It can be seen from Fig. 6 that the change trend of the evaluation indicator recall on both data sets is the same, and the recall value of several algorithms gradually increases with the increase of the N value. It is found that the evaluation index value of the NCF model is the smallest, because the NCF model does not consider the influence of auxiliary information on the recommendation performance, which makes the recommendation result poor. The other three models that use auxiliary information are significantly better than the NCF model, which shows the importance of integrating auxiliary information in the recommendation system. And the GANCF model is obviously superior to the other three algorithms on the two data sets, which shows that the model proposed in this paper improves the recommendation performance to a certain extent. It can also be clearly seen that the algorithm performs better on dense data sets than on sparse data sets. The similarity between the GANCF model and the ANCF model is that both use deep neural networks to learn complex nonlinear interactive information and use attention mechanisms to obtain key feature information. The difference between the two is that the ANCF model does not take the auxiliary information into consideration, and the GANCF model integrates multiple deep learning models to make up for the shortcomings of the single model and enhance the feature extraction ability of the GANCF model. Therefore, it can be seen from the experimental results that the GANCF model is better than the ANCF model. At the same time, the GANCF proposed in this paper is better than other algorithms on sparse data sets, which solves the problem of data sparseness to a certain extent.
2. Discuss the changes of the RMSE values of several model methods under the number of iterations.
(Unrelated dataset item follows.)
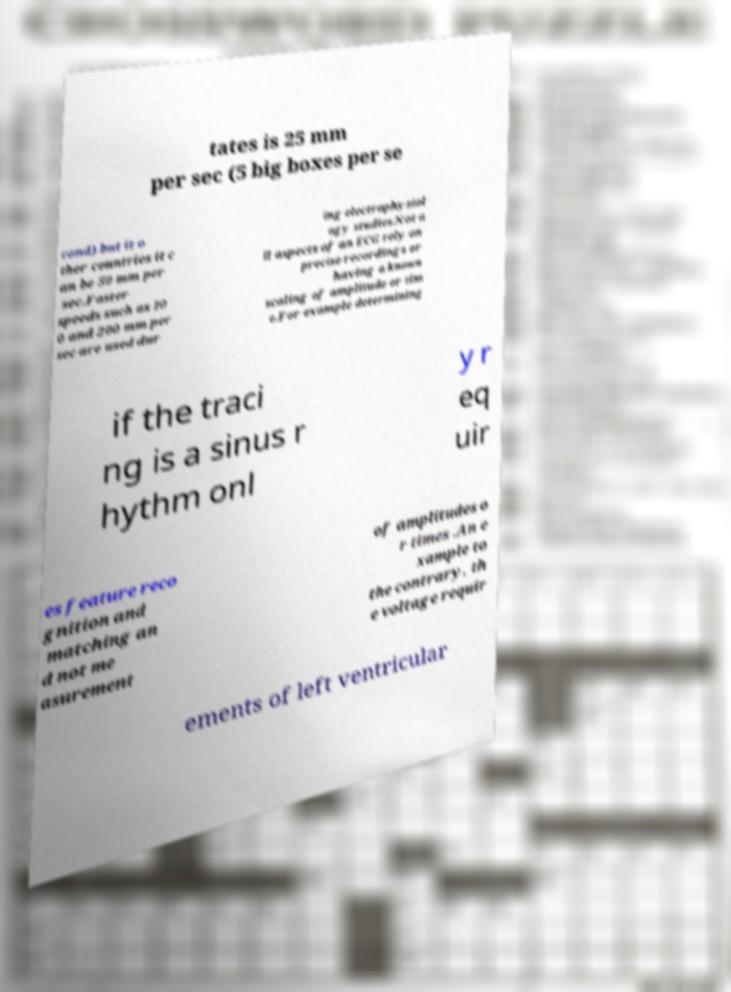For documentation purposes, I need the text within this image transcribed. Could you provide that? tates is 25 mm per sec (5 big boxes per se cond) but it o ther countries it c an be 50 mm per sec.Faster speeds such as 10 0 and 200 mm per sec are used dur ing electrophysiol ogy studies.Not a ll aspects of an ECG rely on precise recordings or having a known scaling of amplitude or tim e.For example determining if the traci ng is a sinus r hythm onl y r eq uir es feature reco gnition and matching an d not me asurement of amplitudes o r times .An e xample to the contrary, th e voltage requir ements of left ventricular

The experiment was conducted on the ML1 M data set, and the results are shown below.
Figure 7 shows the performance of the RMSE of the GANCF model, NCF, aSDAE, DHARS, ANCF, GANCFa and PHD model under the ML1 m data set under different iterations. First, it can be seen from Fig. 7 that the overall trend of the four models is that the RMSE value gradually decreases with the increase of the number of iterations, and finally has a stable trend. But it can also be seen that too many iterations will increase the value of RMSE. This is because too many iterations will cause the model overfitting and reduce the recommended performance. Second, it is found that recommendation algorithms fused with auxiliary information, such as GANCF, DHARS, PHD, aSDAE and GANCFa, has better performance than the NCF model of the recommendation algorithm without auxiliary information, indicating that adding certain auxiliary information can improve the recommendation performance of the model. At the same time, the GANCF results proposed in the text are superior to the PHD model, which shows that after incorporating the auxiliary information, multilevel deep interaction is performed, and learning deeplevel nonlinear information can make the recommendation result better. GANCF's RMSE is superior to the DHARS model, indicating that selecting effective deep learning techniques to extract feature information is conducive to improving recommendation performance. That is, GRU and attention can learn longterm dependencies and learning on the basis of making up for the shortcomings of CNN feature extraction Feature weight information to important words. Finally, the GANCF model proposed in this paper can achieve very good experimental results in the case of fewer iterations, the model converges faster, and can have better operating efficiency.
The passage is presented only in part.